En quoi ce système est-il meilleur que celui préconisé comme alternative par la majorité et qui se fonde sur un train de mesures par voie d'ordonnance? Tout d'abord, il permet des économies bien plus importantes, jusqu'à 480 millions, soit le triple de ce que permet le concept initié par notre collègue de Courten. Ensuite, le principe est simple, facile à appliquer et à comprendre. On ne se perd pas dans un montage fragile de mesures, certes toutes intéressantes, mais qui dépendent de l'efficacité de l'administration fédérale ainsi que du bon vouloir des partenaires à coopérer pour encourager réellement la pénétration du marché par les génériques. Or, les intérêts du corps médical, des pharmaciens, de l'industrie et des assureurs sont bien trop divergents pour que cela fonctionne.

Enfin, cela permet d'assurer l'approvisionnement et la qualité des soins sans passer par un article 32 alinéa 3 qui transfère les compétences en matière d'efficacité, d'adéquation et d'économicité à la Confédération, et que nous souhaitons biffer, à l'instar de la proposition Schneeberger.

Deux points méritent d'être retenus. Premièrement, nous avons amélioré le projet du Conseil fédéral par la constitution du groupe de référence ayant la même composition de substances actives. Par exemple, les biosimilaires, qui sont difficilement interchangeables avec d'autres préparations, en sont exceptés. Deuxièmement, la détermination du prix de référence prévoit aussi des dérogations en cas de nécessité, par exemple en cas de difficultés de comparaison avec l'étranger ou de pénurie.

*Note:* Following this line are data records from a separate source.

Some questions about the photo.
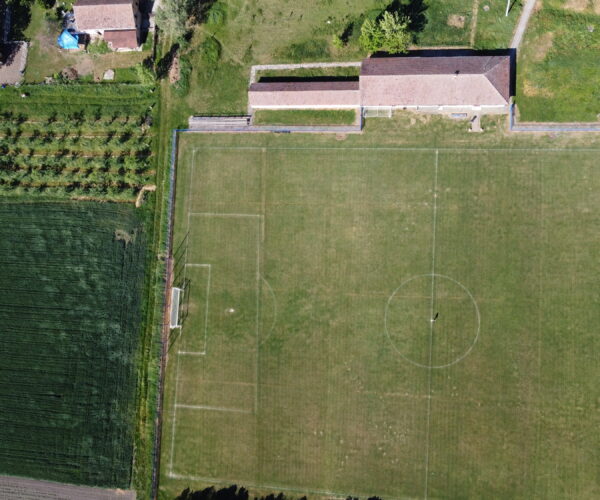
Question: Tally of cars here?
0
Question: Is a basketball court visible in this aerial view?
No
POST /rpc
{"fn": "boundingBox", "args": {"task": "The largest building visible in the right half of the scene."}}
[360,54,510,113]
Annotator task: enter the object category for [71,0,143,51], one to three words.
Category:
house
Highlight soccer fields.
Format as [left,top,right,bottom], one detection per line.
[156,111,600,500]
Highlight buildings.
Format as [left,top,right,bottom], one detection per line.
[71,0,143,51]
[360,54,510,113]
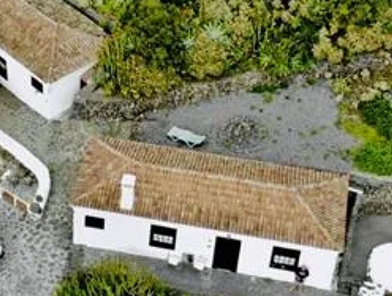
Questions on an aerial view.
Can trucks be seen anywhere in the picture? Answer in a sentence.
No, there isn't any truck down there.
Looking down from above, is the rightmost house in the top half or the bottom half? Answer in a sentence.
You can find the rightmost house in the bottom half.
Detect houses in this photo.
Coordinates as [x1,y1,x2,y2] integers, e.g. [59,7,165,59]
[0,0,108,124]
[70,134,351,285]
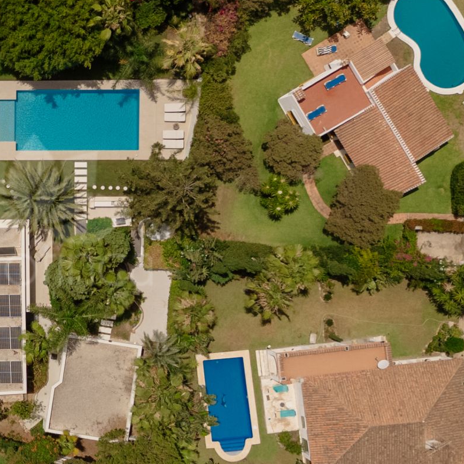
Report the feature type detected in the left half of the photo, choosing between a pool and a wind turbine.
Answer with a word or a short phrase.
pool
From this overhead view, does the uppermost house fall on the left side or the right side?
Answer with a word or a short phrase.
right
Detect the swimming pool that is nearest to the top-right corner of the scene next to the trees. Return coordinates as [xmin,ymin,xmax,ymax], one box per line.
[387,0,464,95]
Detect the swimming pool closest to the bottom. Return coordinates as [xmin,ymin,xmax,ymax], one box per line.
[196,350,261,462]
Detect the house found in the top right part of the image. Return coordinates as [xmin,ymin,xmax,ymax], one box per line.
[266,39,454,207]
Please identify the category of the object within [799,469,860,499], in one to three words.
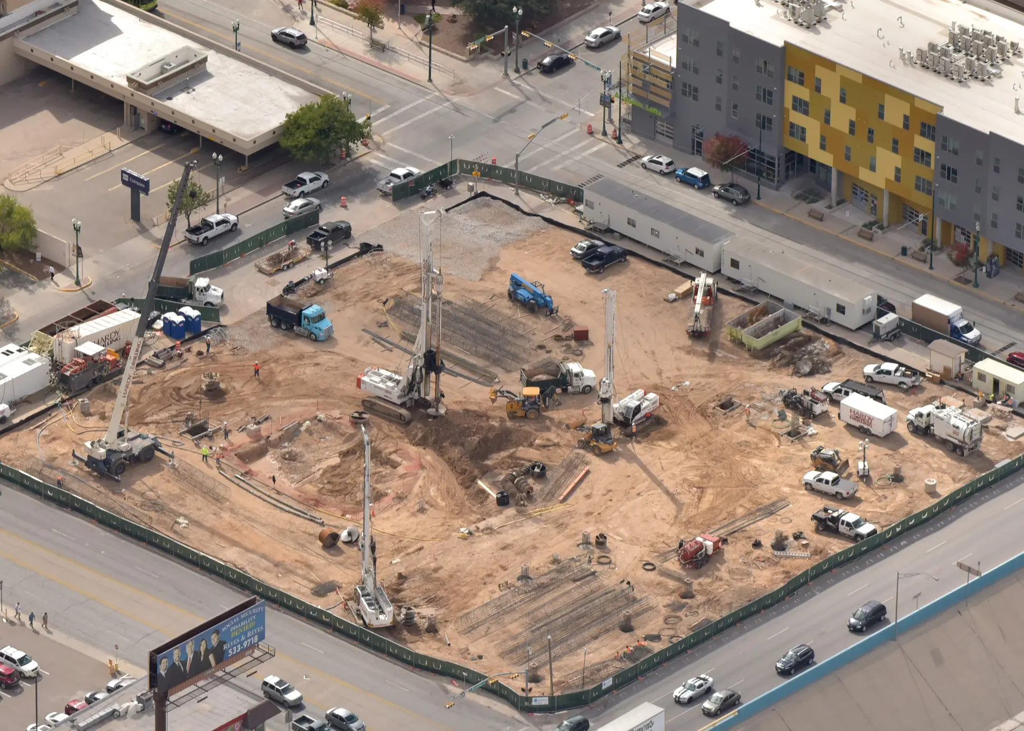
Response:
truck
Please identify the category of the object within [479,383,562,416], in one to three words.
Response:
work vehicle
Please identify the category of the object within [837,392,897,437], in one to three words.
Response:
trailer
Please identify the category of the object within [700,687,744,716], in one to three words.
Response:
car
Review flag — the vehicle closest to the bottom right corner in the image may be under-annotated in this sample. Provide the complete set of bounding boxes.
[847,599,889,632]
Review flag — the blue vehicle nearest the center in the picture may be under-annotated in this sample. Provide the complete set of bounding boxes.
[505,269,562,320]
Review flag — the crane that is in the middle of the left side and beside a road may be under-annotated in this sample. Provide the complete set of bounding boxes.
[72,156,202,484]
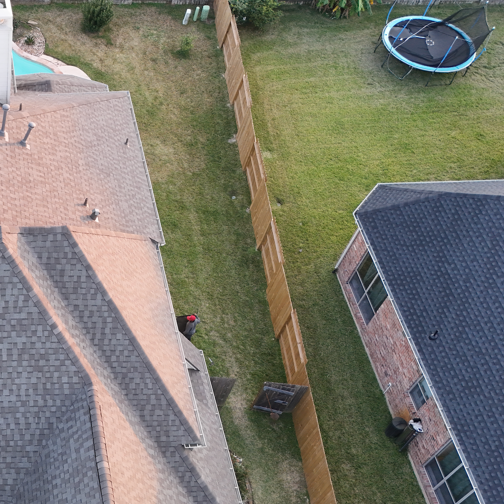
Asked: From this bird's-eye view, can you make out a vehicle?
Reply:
No
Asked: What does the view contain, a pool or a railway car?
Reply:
pool
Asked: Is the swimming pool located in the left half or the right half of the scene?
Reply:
left
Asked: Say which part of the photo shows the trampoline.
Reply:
top right
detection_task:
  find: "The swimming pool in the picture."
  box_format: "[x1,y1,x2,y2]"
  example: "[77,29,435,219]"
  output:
[13,39,64,75]
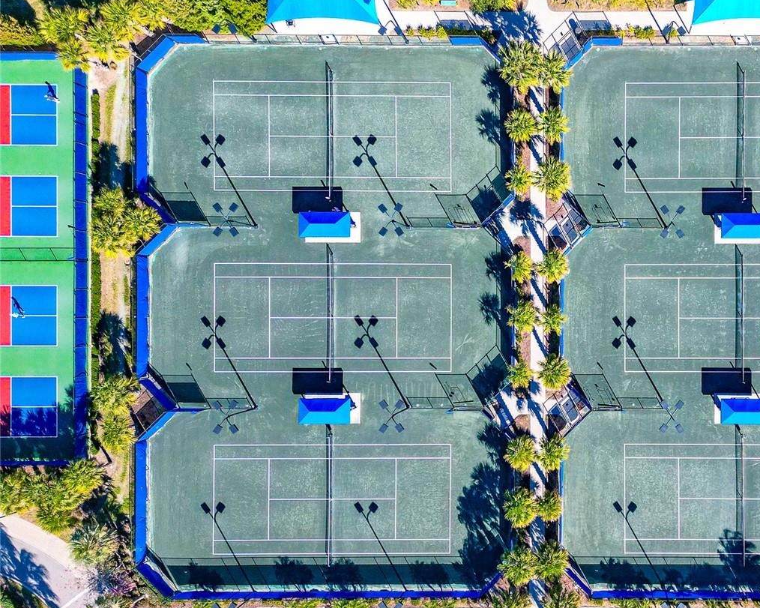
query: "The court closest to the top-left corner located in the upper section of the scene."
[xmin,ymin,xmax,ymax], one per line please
[0,84,57,145]
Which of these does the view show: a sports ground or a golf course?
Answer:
sports ground
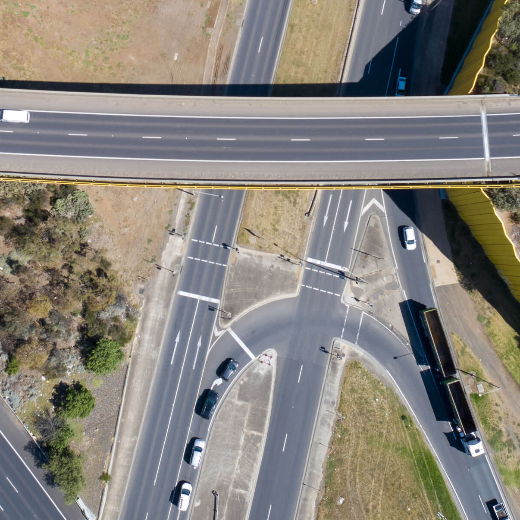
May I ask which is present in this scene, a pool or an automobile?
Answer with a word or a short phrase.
automobile
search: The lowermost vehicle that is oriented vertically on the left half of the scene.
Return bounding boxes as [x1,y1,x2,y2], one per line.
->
[177,480,192,515]
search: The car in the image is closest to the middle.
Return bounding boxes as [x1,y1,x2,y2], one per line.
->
[220,358,239,383]
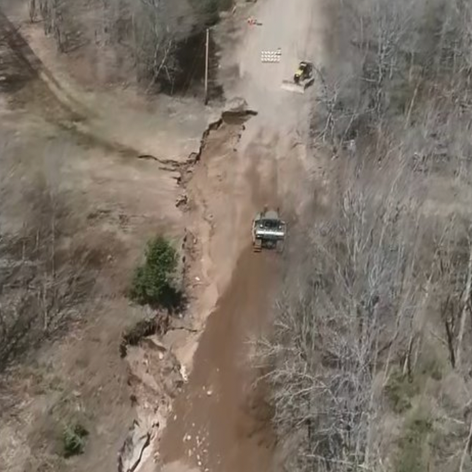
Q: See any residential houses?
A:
No
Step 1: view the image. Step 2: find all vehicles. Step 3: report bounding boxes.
[252,205,285,250]
[286,59,319,93]
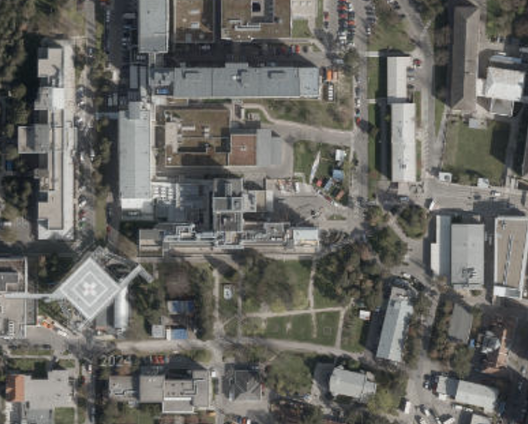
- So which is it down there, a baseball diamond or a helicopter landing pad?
helicopter landing pad
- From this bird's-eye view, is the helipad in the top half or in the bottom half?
bottom
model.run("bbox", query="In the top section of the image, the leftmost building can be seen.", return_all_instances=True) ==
[18,40,75,239]
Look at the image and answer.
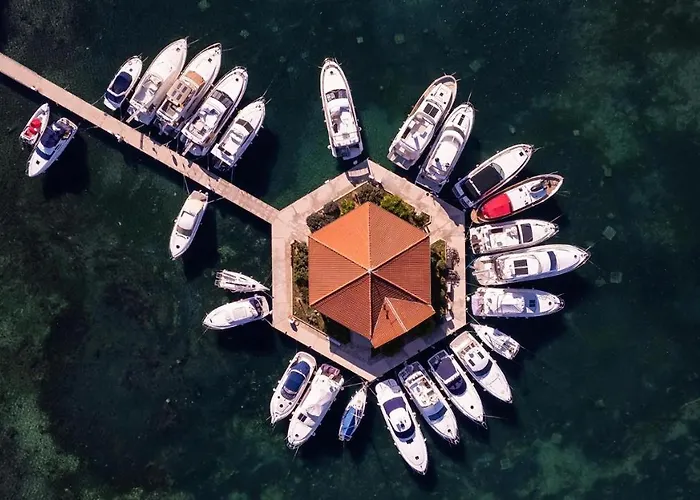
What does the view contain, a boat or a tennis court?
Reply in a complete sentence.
There is a boat in the scene.
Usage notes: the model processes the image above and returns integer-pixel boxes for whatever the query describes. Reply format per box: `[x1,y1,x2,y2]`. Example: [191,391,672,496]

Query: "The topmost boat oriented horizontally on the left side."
[216,272,275,297]
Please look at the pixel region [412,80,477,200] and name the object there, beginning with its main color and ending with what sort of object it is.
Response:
white boat
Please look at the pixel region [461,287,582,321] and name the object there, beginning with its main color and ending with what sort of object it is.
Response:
white boat

Concernant les autres dispositions - je serai plus bref -, nous soutiendrons tout d'abord le droit de substitution tel qu'il est prévu par le Conseil fédéral et retenu par la majorité, exception faite, bien sûr, des biosimilaires dont je viens de parler et pour lesquels nous soutiendrons la minorité I (Hess Lorenz). C'est le modèle le plus simple, il est avantageux dans son rôle incitatif pour les génériques et respectueux de la pratique professionnelle des pharmaciens. Dans ce sens, nous refuserons la minorité II (Porchet).

En ce qui concerne l'autorisation et la mise sur le marché de médicaments, nous soutenons la mesure proposée par la majorité qui consiste à favoriser les importations parallèles de génériques. En effet, il y a trop d'entraves techniques découlant de la législation et qui freinent ces importations, notamment l'obligation d'initier une nouvelle procédure d'autorisation en Suisse du médicament importé ou l'obligation de reconditionner les produits dans les trois langues nationales. Nous peinons donc à comprendre les motivations de la minorité de Courten, si ce n'est dans le sens d'un repli idéologique.

Je vais dire encore quelques mots sur les deux motions et le postulat de commission qui, indépendamment du modèle qui sera retenu - de Courten ou Hess Lorenz -, visent, particulièrement pour les pharmaciens, à rendre les médicaments bon marché plus attrayants à la vente. Donc si la motion 20.3936 a pour objectif d'agir sur la part relative à la distribution, la motion 20.3937 charge le Conseil fédéral de proposer dans le traitement du second paquet de mesures un modèle de rémunération basée sur les prestations en rapport avec les médicaments prescrits, et pas seulement lors de la remise des médicaments.

Alors que la motion 20.3937 n'est pas combattue, le Conseil fédéral, dans sa proposition de rejet, ne semble pas avoir saisi l'importance de reconnaître certaines prestations dispensées aux patients: conseil, vérification du traitement, gestion pharmaceutique des homes. Or les pharmaciens pourraient réaliser des économies considérables qui, par leur transfert, entraîneraient une baisse de la marge de distribution et du prix moyen des médicaments. Dans ce sens, une partie du groupe du centre soutiendra la motion.

Enfin, quant au postulat 20.3939, qui favorise un approvisionnement durable et de qualité, nous estimons que le principe est bon, mais que les critères d'autorisation sont beaucoup trop stricts et que l'effet serait l'inverse de celui qui serait attendu si l'on favorisait les importations parallèles de médicaments génériques.